Department of Chemistry and A.N. Belozersky Institute of Physico-Chemical Biology, M.V. Lomonosov Moscow State University, Moscow, Russia.
Skolkovo Institute of Science and Technology, Skolkovo, Moscow region, Russia.
PLoS One. 2018 Nov 26;13(11):e0207302. doi: 10.1371/journal.pone.0207302. eCollection 2018.
Nicking endonucleases (NEases) selectively cleave single DNA strands in double-stranded DNAs at a specific site. They are widely used in bioanalytical applications and in genome editing; however, the peculiarities of DNA-protein interactions for most of them are still poorly studied. Previously, it has been shown that the large subunit of heterodimeric restriction endonuclease BspD6I (Nt.BstD6I) acts as a NEase. Here we present a study of interaction of restriction endonuclease BspD6I with modified DNA containing single non-nucleotide insertion with an azobenzene moiety in the enzyme cleavage sites or in positions of sugar-phosphate backbone nearby. According to these data, we designed a number of effective stimulus-responsive oligonucleotide inhibitors bearing azobenzene or triethylene glycol residues. These modified oligonucleotides modulated the functional activity of Nt.BspD6I after cooling or heating. We were able to block the cleavage of T7 phage DNA by this enzyme in the presence of such inhibitors at 20-25°C, whereas the Nt.BspD6I ability to hydrolyze DNA was completely restored after heating to 45°C. The observed effects can serve as a basis for the development of a platform for regulation of NEase activity in vitro or in vivo by external signals.

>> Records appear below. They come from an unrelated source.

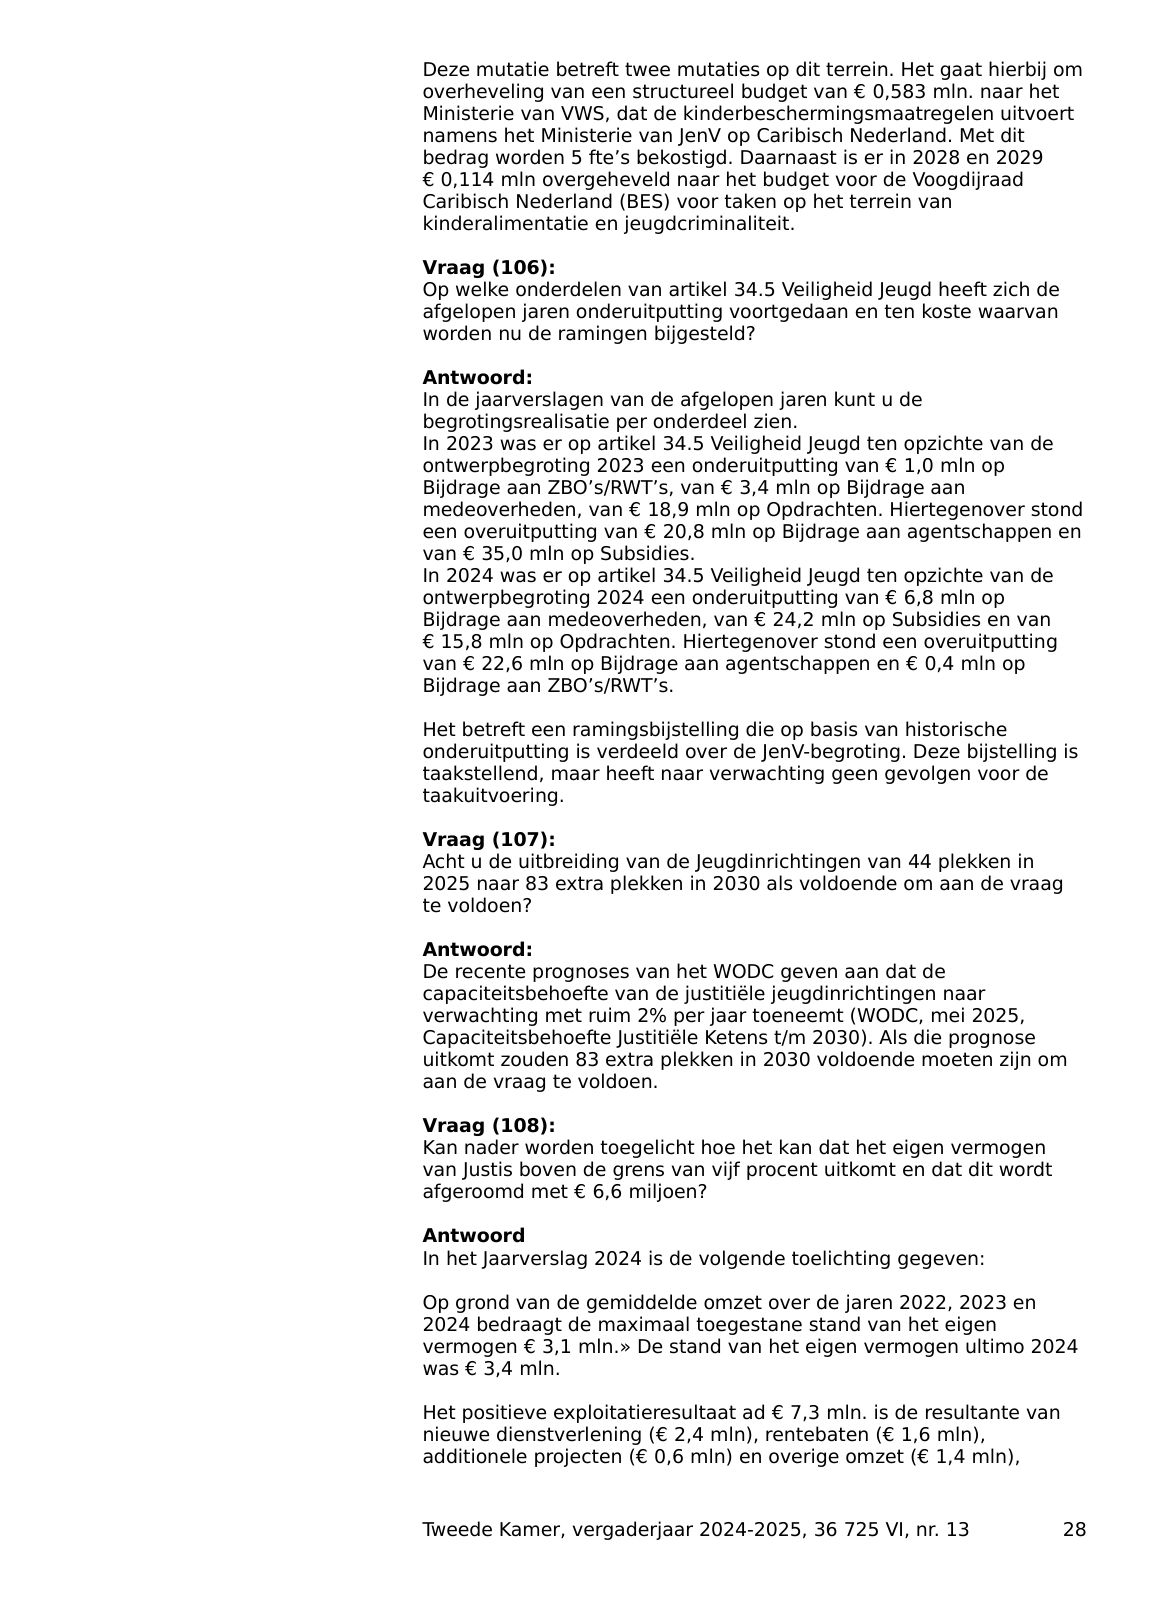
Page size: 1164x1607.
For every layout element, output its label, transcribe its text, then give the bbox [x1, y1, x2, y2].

text Vraag (107): [422, 829, 1087, 851]
text Deze mutatie betreft twee mutaties op dit terrein. Het gaat hierbij om overheveling van een structureel budget van € 0,583 mln. naar het Ministerie van VWS, dat de kinderbeschermingsmaatregelen uitvoert namens het Ministerie van JenV op Caribisch Nederland. Met dit bedrag worden 5 fte’s bekostigd. Daarnaast is er in 2028 en 2029 € 0,114 mln overgeheveld naar het budget voor de Voogdijraad Caribisch Nederland (BES) voor taken op het terrein van kinderalimentatie en jeugdcriminaliteit. [422, 59, 1087, 235]
text Op welke onderdelen van artikel 34.5 Veiligheid Jeugd heeft zich de afgelopen jaren onderuitputting voortgedaan en ten koste waarvan worden nu de ramingen bijgesteld? [422, 279, 1087, 345]
text De recente prognoses van het WODC geven aan dat de capaciteitsbehoefte van de justitiële jeugdinrichtingen naar verwachting met ruim 2% per jaar toeneemt (WODC, mei 2025, Capaciteitsbehoefte Justitiële Ketens t/m 2030). Als die prognose uitkomt zouden 83 extra plekken in 2030 voldoende moeten zijn om aan de vraag te voldoen. [422, 961, 1087, 1093]
text In 2024 was er op artikel 34.5 Veiligheid Jeugd ten opzichte van de ontwerpbegroting 2024 een onderuitputting van € 6,8 mln op Bijdrage aan medeoverheden, van € 24,2 mln op Subsidies en van € 15,8 mln op Opdrachten. Hiertegenover stond een overuitputting van € 22,6 mln op Bijdrage aan agentschappen en € 0,4 mln op Bijdrage aan ZBO’s/RWT’s. [422, 565, 1087, 697]
text Kan nader worden toegelicht hoe het kan dat het eigen vermogen van Justis boven de grens van vijf procent uitkomt en dat dit wordt afgeroomd met € 6,6 miljoen? [422, 1137, 1087, 1203]
text Op grond van de gemiddelde omzet over de jaren 2022, 2023 en 2024 bedraagt de maximaal toegestane stand van het eigen vermogen € 3,1 mln.» De stand van het eigen vermogen ultimo 2024 was € 3,4 mln. [422, 1292, 1087, 1379]
text In de jaarverslagen van de afgelopen jaren kunt u de begrotingsrealisatie per onderdeel zien. [422, 389, 1087, 433]
text Het betreft een ramingsbijstelling die op basis van historische onderuitputting is verdeeld over de JenV-begroting. Deze bijstelling is taakstellend, maar heeft naar verwachting geen gevolgen voor de taakuitvoering. [422, 719, 1087, 807]
text Antwoord: [422, 367, 1087, 389]
text Acht u de uitbreiding van de Jeugdinrichtingen van 44 plekken in 2025 naar 83 extra plekken in 2030 als voldoende om aan de vraag te voldoen? [422, 851, 1087, 917]
text In 2023 was er op artikel 34.5 Veiligheid Jeugd ten opzichte van de ontwerpbegroting 2023 een onderuitputting van € 1,0 mln op Bijdrage aan ZBO’s/RWT’s, van € 3,4 mln op Bijdrage aan medeoverheden, van € 18,9 mln op Opdrachten. Hiertegenover stond een overuitputting van € 20,8 mln op Bijdrage aan agentschappen en van € 35,0 mln op Subsidies. [422, 433, 1087, 565]
text In het Jaarverslag 2024 is de volgende toelichting gegeven: [422, 1247, 1087, 1269]
text Vraag (108): [422, 1115, 1087, 1137]
text Antwoord: [422, 939, 1087, 961]
text Antwoord [422, 1225, 1087, 1247]
text Vraag (106): [422, 257, 1087, 279]
text Het positieve exploitatieresultaat ad € 7,3 mln. is de resultante van nieuwe dienstverlening (€ 2,4 mln), rentebaten (€ 1,6 mln), additionele projecten (€ 0,6 mln) en overige omzet (€ 1,4 mln), [422, 1402, 1087, 1468]

尼克内切核酸酶 (NEases) 能够在双链 DNA 中特定位置选择性地切割单链 DNA。它们被广泛应用于生物分析和基因组编辑领域;然而,大多数尼克内切核酸酶的 DNA-蛋白质相互作用的特点仍研究甚少。先前已经表明,异二聚体限制性内切核酸酶 BspD6I 的大亚基(Nt.BstD6I)充当尼克内切核酸酶。在这里,我们研究了限制内切核酸酶 BspD6I 与含有单个非核苷酸插入物的修饰 DNA 的相互作用,该插入物在酶切割位点或附近糖-磷酸主链的位置处带有偶氮苯部分。根据这些数据,我们设计了一系列带有偶氮苯或三乙二醇残基的有效刺激响应性寡核苷酸抑制剂。这些修饰的寡核苷酸在冷却或加热后调节了 Nt.BspD6I 的功能活性。我们能够在存在这种抑制剂的情况下在 20-25°C 下阻止该酶对 T7 噬菌体 DNA 的切割,而在加热至 45°C 后,Nt.BspD6I 水解 DNA 的能力完全恢复。观察到的效应可以作为体外或体内通过外部信号调节尼克内切核酸酶活性的平台的开发基础。